Een jaar plus één dag nadat ik aan mijn gebroken enkel werd geopereerd, mocht ik terug naar de plek waar dat avontuur begon: het Kleinwalsertal in Oostenrijk. Vorig jaar was ik één van de geluksvogels die een tripje voor twee naar Oostenrijk won met de aankoop van een nieuw paar Hanwag-wandelschoenen. Het breken van mijn enkel op dag één, tijdens de mooiste wandeling van mijn leven, was een kleine tegenvaller. Maar al snel nadat ik thuiskwam, liet Hanwag weten dat ik het jaar daarop opnieuw zou worden uitgenodigd samen met mijn vriendin. Wat een geluk.

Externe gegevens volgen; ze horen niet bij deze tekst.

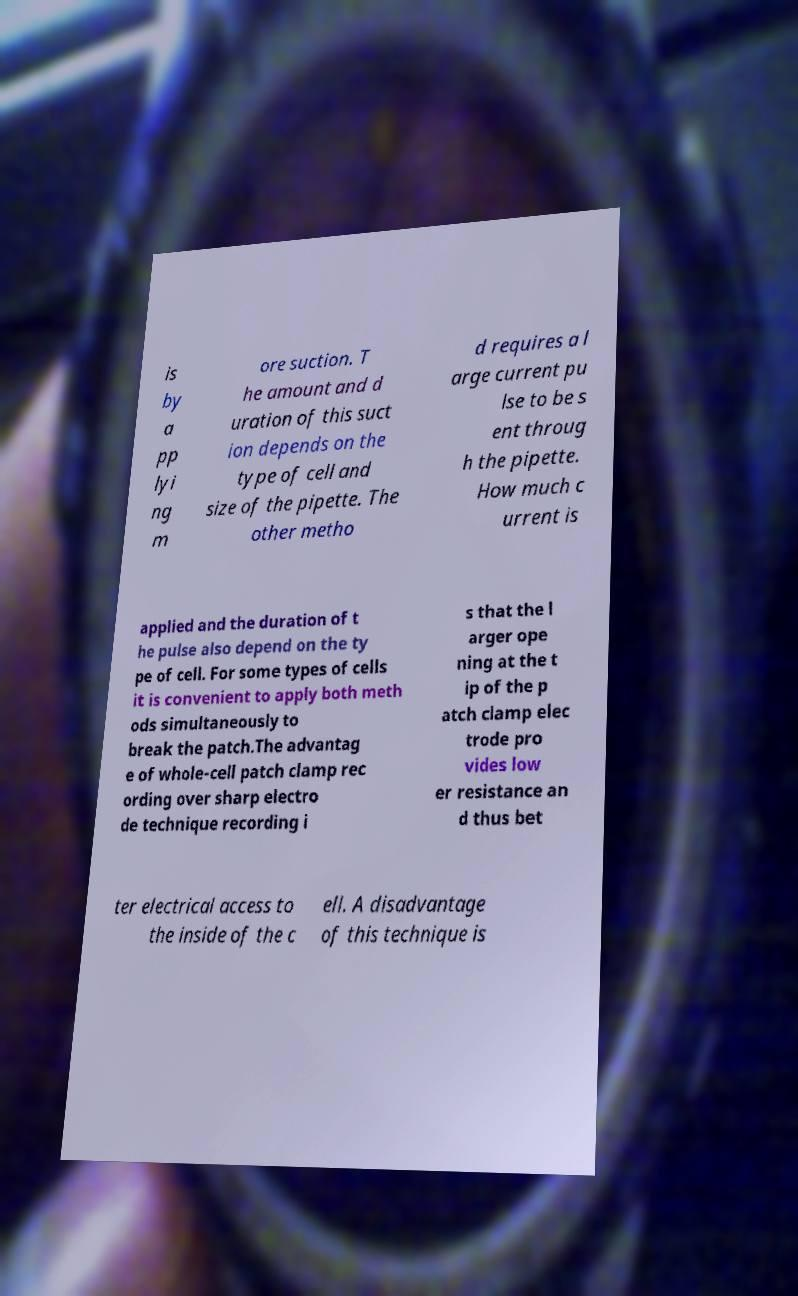Can you read and provide the text displayed in the image?This photo seems to have some interesting text. Can you extract and type it out for me? is by a pp lyi ng m ore suction. T he amount and d uration of this suct ion depends on the type of cell and size of the pipette. The other metho d requires a l arge current pu lse to be s ent throug h the pipette. How much c urrent is applied and the duration of t he pulse also depend on the ty pe of cell. For some types of cells it is convenient to apply both meth ods simultaneously to break the patch.The advantag e of whole-cell patch clamp rec ording over sharp electro de technique recording i s that the l arger ope ning at the t ip of the p atch clamp elec trode pro vides low er resistance an d thus bet ter electrical access to the inside of the c ell. A disadvantage of this technique is 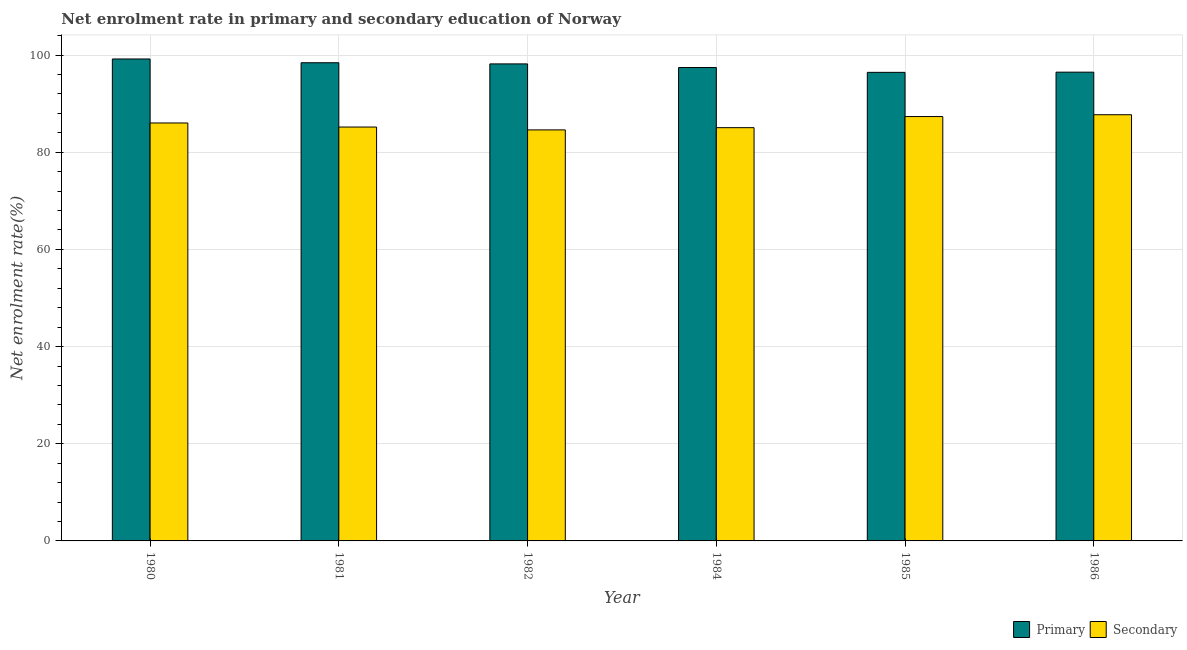How many different coloured bars are there?
Provide a succinct answer. 2. How many groups of bars are there?
Keep it short and to the point. 6. Are the number of bars per tick equal to the number of legend labels?
Offer a very short reply. Yes. Are the number of bars on each tick of the X-axis equal?
Your response must be concise. Yes. How many bars are there on the 6th tick from the left?
Provide a short and direct response. 2. What is the label of the 1st group of bars from the left?
Keep it short and to the point. 1980. What is the enrollment rate in primary education in 1980?
Give a very brief answer. 99.2. Across all years, what is the maximum enrollment rate in primary education?
Your answer should be compact. 99.2. Across all years, what is the minimum enrollment rate in secondary education?
Make the answer very short. 84.6. In which year was the enrollment rate in secondary education minimum?
Provide a short and direct response. 1982. What is the total enrollment rate in secondary education in the graph?
Offer a terse response. 515.97. What is the difference between the enrollment rate in secondary education in 1982 and that in 1986?
Your answer should be very brief. -3.12. What is the difference between the enrollment rate in secondary education in 1984 and the enrollment rate in primary education in 1986?
Ensure brevity in your answer.  -2.66. What is the average enrollment rate in primary education per year?
Your answer should be compact. 97.7. In how many years, is the enrollment rate in secondary education greater than 56 %?
Offer a very short reply. 6. What is the ratio of the enrollment rate in primary education in 1980 to that in 1984?
Provide a succinct answer. 1.02. Is the enrollment rate in secondary education in 1981 less than that in 1986?
Your answer should be very brief. Yes. What is the difference between the highest and the second highest enrollment rate in primary education?
Make the answer very short. 0.78. What is the difference between the highest and the lowest enrollment rate in secondary education?
Provide a succinct answer. 3.12. Is the sum of the enrollment rate in secondary education in 1980 and 1982 greater than the maximum enrollment rate in primary education across all years?
Offer a very short reply. Yes. What does the 2nd bar from the left in 1986 represents?
Ensure brevity in your answer.  Secondary. What does the 1st bar from the right in 1984 represents?
Offer a very short reply. Secondary. How many bars are there?
Ensure brevity in your answer.  12. Are the values on the major ticks of Y-axis written in scientific E-notation?
Make the answer very short. No. Does the graph contain any zero values?
Your response must be concise. No. Where does the legend appear in the graph?
Give a very brief answer. Bottom right. What is the title of the graph?
Provide a succinct answer. Net enrolment rate in primary and secondary education of Norway. Does "Investment in Transport" appear as one of the legend labels in the graph?
Offer a very short reply. No. What is the label or title of the X-axis?
Your response must be concise. Year. What is the label or title of the Y-axis?
Your response must be concise. Net enrolment rate(%). What is the Net enrolment rate(%) of Primary in 1980?
Ensure brevity in your answer.  99.2. What is the Net enrolment rate(%) of Secondary in 1980?
Offer a very short reply. 86.03. What is the Net enrolment rate(%) of Primary in 1981?
Make the answer very short. 98.43. What is the Net enrolment rate(%) in Secondary in 1981?
Keep it short and to the point. 85.19. What is the Net enrolment rate(%) of Primary in 1982?
Your answer should be very brief. 98.19. What is the Net enrolment rate(%) of Secondary in 1982?
Make the answer very short. 84.6. What is the Net enrolment rate(%) of Primary in 1984?
Provide a short and direct response. 97.44. What is the Net enrolment rate(%) of Secondary in 1984?
Provide a short and direct response. 85.06. What is the Net enrolment rate(%) in Primary in 1985?
Provide a succinct answer. 96.45. What is the Net enrolment rate(%) of Secondary in 1985?
Your answer should be compact. 87.35. What is the Net enrolment rate(%) of Primary in 1986?
Offer a very short reply. 96.49. What is the Net enrolment rate(%) of Secondary in 1986?
Provide a short and direct response. 87.73. Across all years, what is the maximum Net enrolment rate(%) in Primary?
Make the answer very short. 99.2. Across all years, what is the maximum Net enrolment rate(%) in Secondary?
Ensure brevity in your answer.  87.73. Across all years, what is the minimum Net enrolment rate(%) in Primary?
Provide a short and direct response. 96.45. Across all years, what is the minimum Net enrolment rate(%) of Secondary?
Ensure brevity in your answer.  84.6. What is the total Net enrolment rate(%) of Primary in the graph?
Keep it short and to the point. 586.2. What is the total Net enrolment rate(%) of Secondary in the graph?
Your response must be concise. 515.97. What is the difference between the Net enrolment rate(%) in Primary in 1980 and that in 1981?
Provide a succinct answer. 0.78. What is the difference between the Net enrolment rate(%) of Secondary in 1980 and that in 1981?
Your response must be concise. 0.84. What is the difference between the Net enrolment rate(%) of Primary in 1980 and that in 1982?
Your answer should be very brief. 1.01. What is the difference between the Net enrolment rate(%) in Secondary in 1980 and that in 1982?
Provide a short and direct response. 1.43. What is the difference between the Net enrolment rate(%) in Primary in 1980 and that in 1984?
Your response must be concise. 1.76. What is the difference between the Net enrolment rate(%) in Secondary in 1980 and that in 1984?
Make the answer very short. 0.97. What is the difference between the Net enrolment rate(%) of Primary in 1980 and that in 1985?
Provide a succinct answer. 2.75. What is the difference between the Net enrolment rate(%) of Secondary in 1980 and that in 1985?
Make the answer very short. -1.32. What is the difference between the Net enrolment rate(%) in Primary in 1980 and that in 1986?
Your response must be concise. 2.72. What is the difference between the Net enrolment rate(%) in Secondary in 1980 and that in 1986?
Give a very brief answer. -1.7. What is the difference between the Net enrolment rate(%) of Primary in 1981 and that in 1982?
Offer a very short reply. 0.24. What is the difference between the Net enrolment rate(%) in Secondary in 1981 and that in 1982?
Provide a short and direct response. 0.59. What is the difference between the Net enrolment rate(%) in Primary in 1981 and that in 1984?
Offer a terse response. 0.99. What is the difference between the Net enrolment rate(%) of Secondary in 1981 and that in 1984?
Give a very brief answer. 0.13. What is the difference between the Net enrolment rate(%) of Primary in 1981 and that in 1985?
Provide a short and direct response. 1.98. What is the difference between the Net enrolment rate(%) in Secondary in 1981 and that in 1985?
Your answer should be very brief. -2.16. What is the difference between the Net enrolment rate(%) in Primary in 1981 and that in 1986?
Your response must be concise. 1.94. What is the difference between the Net enrolment rate(%) in Secondary in 1981 and that in 1986?
Ensure brevity in your answer.  -2.53. What is the difference between the Net enrolment rate(%) of Primary in 1982 and that in 1984?
Keep it short and to the point. 0.75. What is the difference between the Net enrolment rate(%) of Secondary in 1982 and that in 1984?
Give a very brief answer. -0.46. What is the difference between the Net enrolment rate(%) in Primary in 1982 and that in 1985?
Offer a very short reply. 1.74. What is the difference between the Net enrolment rate(%) of Secondary in 1982 and that in 1985?
Provide a short and direct response. -2.75. What is the difference between the Net enrolment rate(%) of Primary in 1982 and that in 1986?
Offer a terse response. 1.7. What is the difference between the Net enrolment rate(%) in Secondary in 1982 and that in 1986?
Your response must be concise. -3.12. What is the difference between the Net enrolment rate(%) in Secondary in 1984 and that in 1985?
Provide a short and direct response. -2.29. What is the difference between the Net enrolment rate(%) in Primary in 1984 and that in 1986?
Make the answer very short. 0.95. What is the difference between the Net enrolment rate(%) in Secondary in 1984 and that in 1986?
Provide a short and direct response. -2.66. What is the difference between the Net enrolment rate(%) of Primary in 1985 and that in 1986?
Your answer should be compact. -0.04. What is the difference between the Net enrolment rate(%) of Secondary in 1985 and that in 1986?
Your response must be concise. -0.38. What is the difference between the Net enrolment rate(%) in Primary in 1980 and the Net enrolment rate(%) in Secondary in 1981?
Offer a terse response. 14.01. What is the difference between the Net enrolment rate(%) of Primary in 1980 and the Net enrolment rate(%) of Secondary in 1982?
Provide a short and direct response. 14.6. What is the difference between the Net enrolment rate(%) of Primary in 1980 and the Net enrolment rate(%) of Secondary in 1984?
Give a very brief answer. 14.14. What is the difference between the Net enrolment rate(%) in Primary in 1980 and the Net enrolment rate(%) in Secondary in 1985?
Offer a terse response. 11.85. What is the difference between the Net enrolment rate(%) in Primary in 1980 and the Net enrolment rate(%) in Secondary in 1986?
Make the answer very short. 11.47. What is the difference between the Net enrolment rate(%) in Primary in 1981 and the Net enrolment rate(%) in Secondary in 1982?
Provide a short and direct response. 13.82. What is the difference between the Net enrolment rate(%) in Primary in 1981 and the Net enrolment rate(%) in Secondary in 1984?
Keep it short and to the point. 13.36. What is the difference between the Net enrolment rate(%) in Primary in 1981 and the Net enrolment rate(%) in Secondary in 1985?
Ensure brevity in your answer.  11.08. What is the difference between the Net enrolment rate(%) of Primary in 1981 and the Net enrolment rate(%) of Secondary in 1986?
Your answer should be compact. 10.7. What is the difference between the Net enrolment rate(%) of Primary in 1982 and the Net enrolment rate(%) of Secondary in 1984?
Keep it short and to the point. 13.13. What is the difference between the Net enrolment rate(%) in Primary in 1982 and the Net enrolment rate(%) in Secondary in 1985?
Your response must be concise. 10.84. What is the difference between the Net enrolment rate(%) in Primary in 1982 and the Net enrolment rate(%) in Secondary in 1986?
Make the answer very short. 10.46. What is the difference between the Net enrolment rate(%) in Primary in 1984 and the Net enrolment rate(%) in Secondary in 1985?
Your answer should be compact. 10.09. What is the difference between the Net enrolment rate(%) in Primary in 1984 and the Net enrolment rate(%) in Secondary in 1986?
Your answer should be compact. 9.71. What is the difference between the Net enrolment rate(%) in Primary in 1985 and the Net enrolment rate(%) in Secondary in 1986?
Make the answer very short. 8.72. What is the average Net enrolment rate(%) of Primary per year?
Your answer should be very brief. 97.7. What is the average Net enrolment rate(%) in Secondary per year?
Keep it short and to the point. 86. In the year 1980, what is the difference between the Net enrolment rate(%) of Primary and Net enrolment rate(%) of Secondary?
Provide a short and direct response. 13.17. In the year 1981, what is the difference between the Net enrolment rate(%) in Primary and Net enrolment rate(%) in Secondary?
Offer a terse response. 13.23. In the year 1982, what is the difference between the Net enrolment rate(%) in Primary and Net enrolment rate(%) in Secondary?
Provide a succinct answer. 13.59. In the year 1984, what is the difference between the Net enrolment rate(%) in Primary and Net enrolment rate(%) in Secondary?
Your response must be concise. 12.38. In the year 1985, what is the difference between the Net enrolment rate(%) in Primary and Net enrolment rate(%) in Secondary?
Your answer should be very brief. 9.1. In the year 1986, what is the difference between the Net enrolment rate(%) in Primary and Net enrolment rate(%) in Secondary?
Give a very brief answer. 8.76. What is the ratio of the Net enrolment rate(%) in Primary in 1980 to that in 1981?
Provide a succinct answer. 1.01. What is the ratio of the Net enrolment rate(%) in Secondary in 1980 to that in 1981?
Ensure brevity in your answer.  1.01. What is the ratio of the Net enrolment rate(%) in Primary in 1980 to that in 1982?
Ensure brevity in your answer.  1.01. What is the ratio of the Net enrolment rate(%) in Secondary in 1980 to that in 1982?
Offer a very short reply. 1.02. What is the ratio of the Net enrolment rate(%) of Primary in 1980 to that in 1984?
Offer a terse response. 1.02. What is the ratio of the Net enrolment rate(%) of Secondary in 1980 to that in 1984?
Ensure brevity in your answer.  1.01. What is the ratio of the Net enrolment rate(%) in Primary in 1980 to that in 1985?
Provide a short and direct response. 1.03. What is the ratio of the Net enrolment rate(%) in Secondary in 1980 to that in 1985?
Provide a short and direct response. 0.98. What is the ratio of the Net enrolment rate(%) in Primary in 1980 to that in 1986?
Your response must be concise. 1.03. What is the ratio of the Net enrolment rate(%) of Secondary in 1980 to that in 1986?
Give a very brief answer. 0.98. What is the ratio of the Net enrolment rate(%) of Primary in 1981 to that in 1982?
Offer a terse response. 1. What is the ratio of the Net enrolment rate(%) of Secondary in 1981 to that in 1982?
Offer a very short reply. 1.01. What is the ratio of the Net enrolment rate(%) in Secondary in 1981 to that in 1984?
Make the answer very short. 1. What is the ratio of the Net enrolment rate(%) in Primary in 1981 to that in 1985?
Make the answer very short. 1.02. What is the ratio of the Net enrolment rate(%) of Secondary in 1981 to that in 1985?
Offer a terse response. 0.98. What is the ratio of the Net enrolment rate(%) in Primary in 1981 to that in 1986?
Your answer should be very brief. 1.02. What is the ratio of the Net enrolment rate(%) of Secondary in 1981 to that in 1986?
Your answer should be very brief. 0.97. What is the ratio of the Net enrolment rate(%) of Primary in 1982 to that in 1984?
Provide a succinct answer. 1.01. What is the ratio of the Net enrolment rate(%) in Secondary in 1982 to that in 1984?
Offer a terse response. 0.99. What is the ratio of the Net enrolment rate(%) of Primary in 1982 to that in 1985?
Provide a succinct answer. 1.02. What is the ratio of the Net enrolment rate(%) of Secondary in 1982 to that in 1985?
Your answer should be very brief. 0.97. What is the ratio of the Net enrolment rate(%) of Primary in 1982 to that in 1986?
Provide a short and direct response. 1.02. What is the ratio of the Net enrolment rate(%) of Secondary in 1982 to that in 1986?
Ensure brevity in your answer.  0.96. What is the ratio of the Net enrolment rate(%) in Primary in 1984 to that in 1985?
Your response must be concise. 1.01. What is the ratio of the Net enrolment rate(%) in Secondary in 1984 to that in 1985?
Provide a short and direct response. 0.97. What is the ratio of the Net enrolment rate(%) in Primary in 1984 to that in 1986?
Your answer should be compact. 1.01. What is the ratio of the Net enrolment rate(%) of Secondary in 1984 to that in 1986?
Ensure brevity in your answer.  0.97. What is the ratio of the Net enrolment rate(%) of Primary in 1985 to that in 1986?
Provide a short and direct response. 1. What is the difference between the highest and the second highest Net enrolment rate(%) of Primary?
Offer a terse response. 0.78. What is the difference between the highest and the second highest Net enrolment rate(%) in Secondary?
Ensure brevity in your answer.  0.38. What is the difference between the highest and the lowest Net enrolment rate(%) in Primary?
Ensure brevity in your answer.  2.75. What is the difference between the highest and the lowest Net enrolment rate(%) of Secondary?
Provide a succinct answer. 3.12. 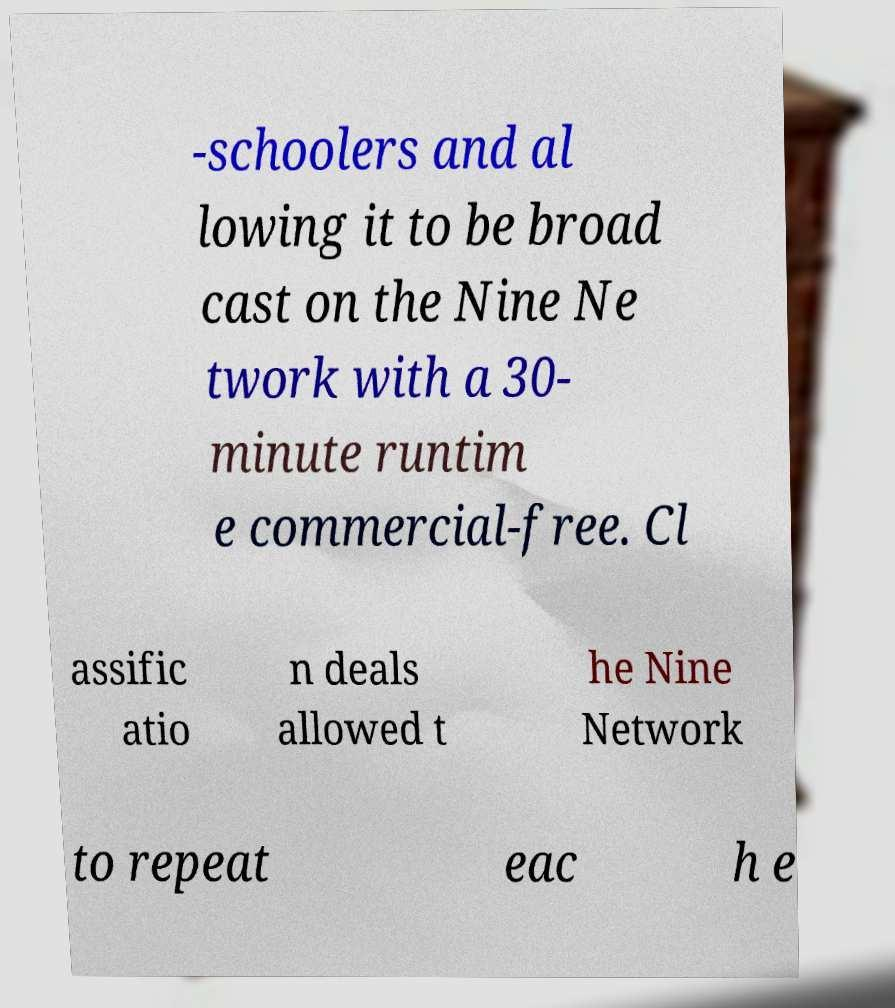Could you assist in decoding the text presented in this image and type it out clearly? -schoolers and al lowing it to be broad cast on the Nine Ne twork with a 30- minute runtim e commercial-free. Cl assific atio n deals allowed t he Nine Network to repeat eac h e

Gewapend met twee paar wandelstokken vertrokken we vol goede moed naar de ‘wiedergutmachung’ met de bergen. Vooral tussen mijn oren bleek daar nog wel wat pijn te zitten, die zich uitte in de vorm van angst. Angst om uit te glijden, enkel te verzwikken, angst voor pijn, of, stel je toch voor: alweer een breuk! Vooraf overwoog ik zelfs nog een moment om de vorig jaar gekochte krukken achterin de auto te gooien, ‘voor de zekerheid’. Hoefden we die niet opnieuw te kopen als er weer iets misging. Ik deed het niet. Iets met het lot niet tarten…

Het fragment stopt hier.